INSTRUCTIONS FOR THE TASK
Pull out every line in the data that has the string "list" in it.

EXERCISE DATA
•••••
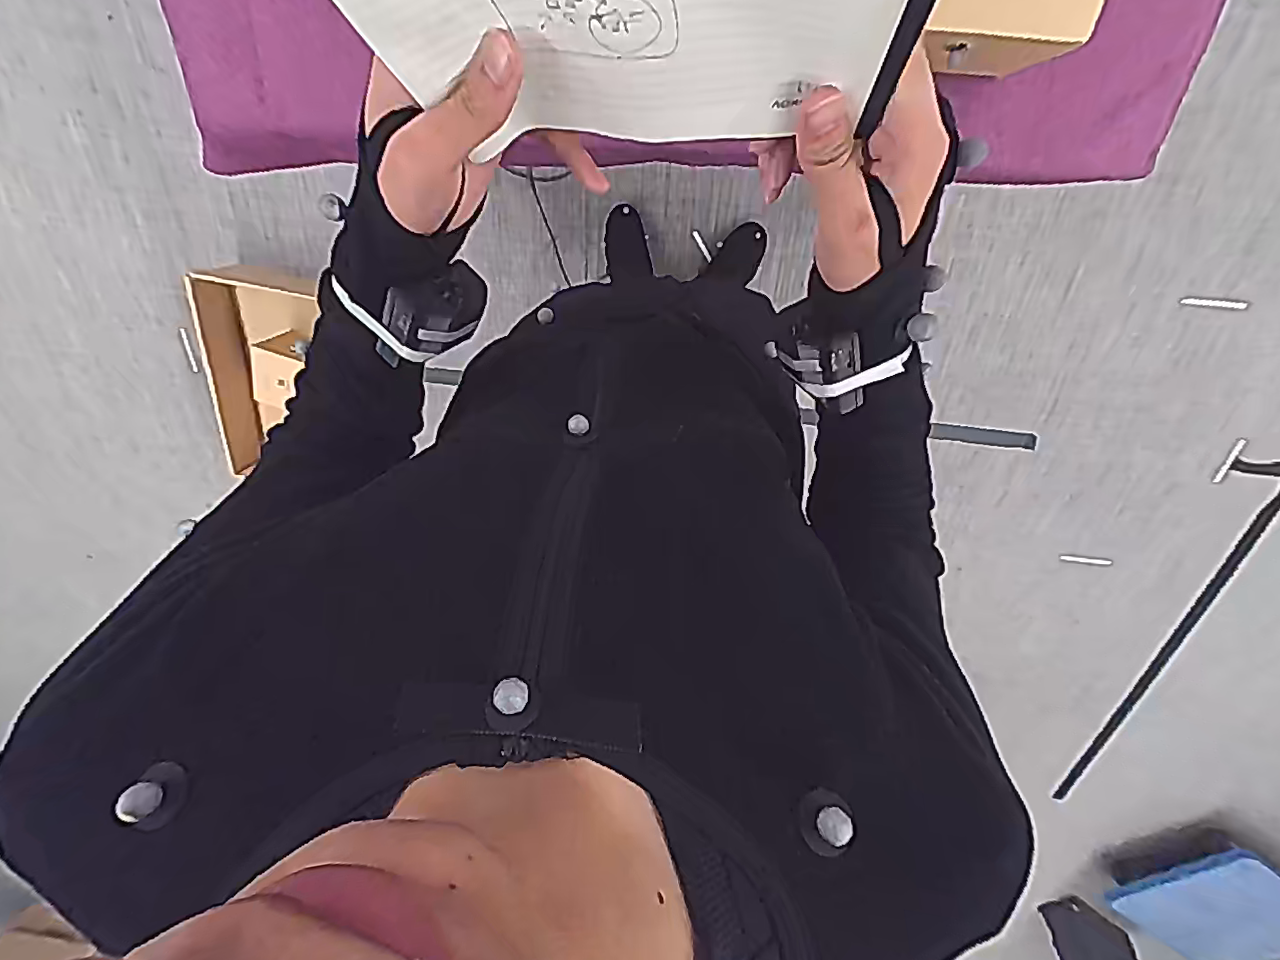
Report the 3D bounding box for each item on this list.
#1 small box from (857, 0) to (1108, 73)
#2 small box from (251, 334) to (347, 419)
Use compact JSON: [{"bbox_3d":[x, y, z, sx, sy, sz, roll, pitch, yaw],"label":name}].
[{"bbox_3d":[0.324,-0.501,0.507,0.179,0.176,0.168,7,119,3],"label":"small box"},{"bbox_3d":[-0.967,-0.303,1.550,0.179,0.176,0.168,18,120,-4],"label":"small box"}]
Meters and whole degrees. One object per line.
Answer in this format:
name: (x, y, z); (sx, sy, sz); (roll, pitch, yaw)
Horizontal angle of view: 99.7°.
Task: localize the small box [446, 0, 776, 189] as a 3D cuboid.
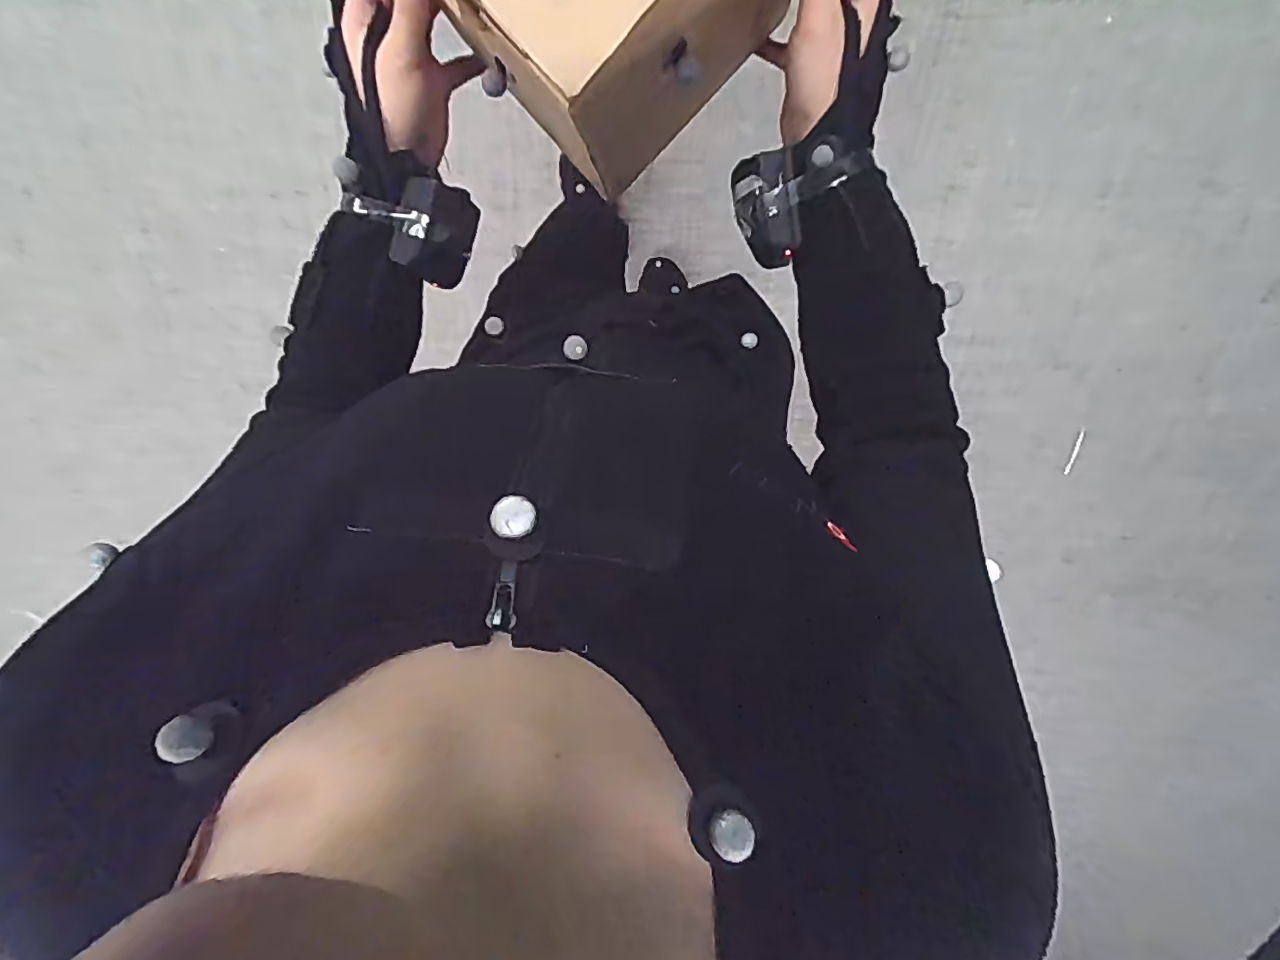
•••••
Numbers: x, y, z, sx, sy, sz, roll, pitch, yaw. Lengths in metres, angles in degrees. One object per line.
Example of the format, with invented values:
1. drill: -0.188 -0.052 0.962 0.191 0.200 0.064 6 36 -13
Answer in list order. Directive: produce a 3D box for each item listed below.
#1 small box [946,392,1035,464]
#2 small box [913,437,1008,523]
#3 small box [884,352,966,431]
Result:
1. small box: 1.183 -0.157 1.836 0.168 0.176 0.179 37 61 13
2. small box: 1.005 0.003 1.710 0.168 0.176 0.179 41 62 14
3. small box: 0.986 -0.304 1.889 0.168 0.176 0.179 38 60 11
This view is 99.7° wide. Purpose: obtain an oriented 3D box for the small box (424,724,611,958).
•••••
ANSWER SPACE
Report the 3D bounding box for each item on this list.
Answer in list order. Directive: produce a 3D box for each item listed below.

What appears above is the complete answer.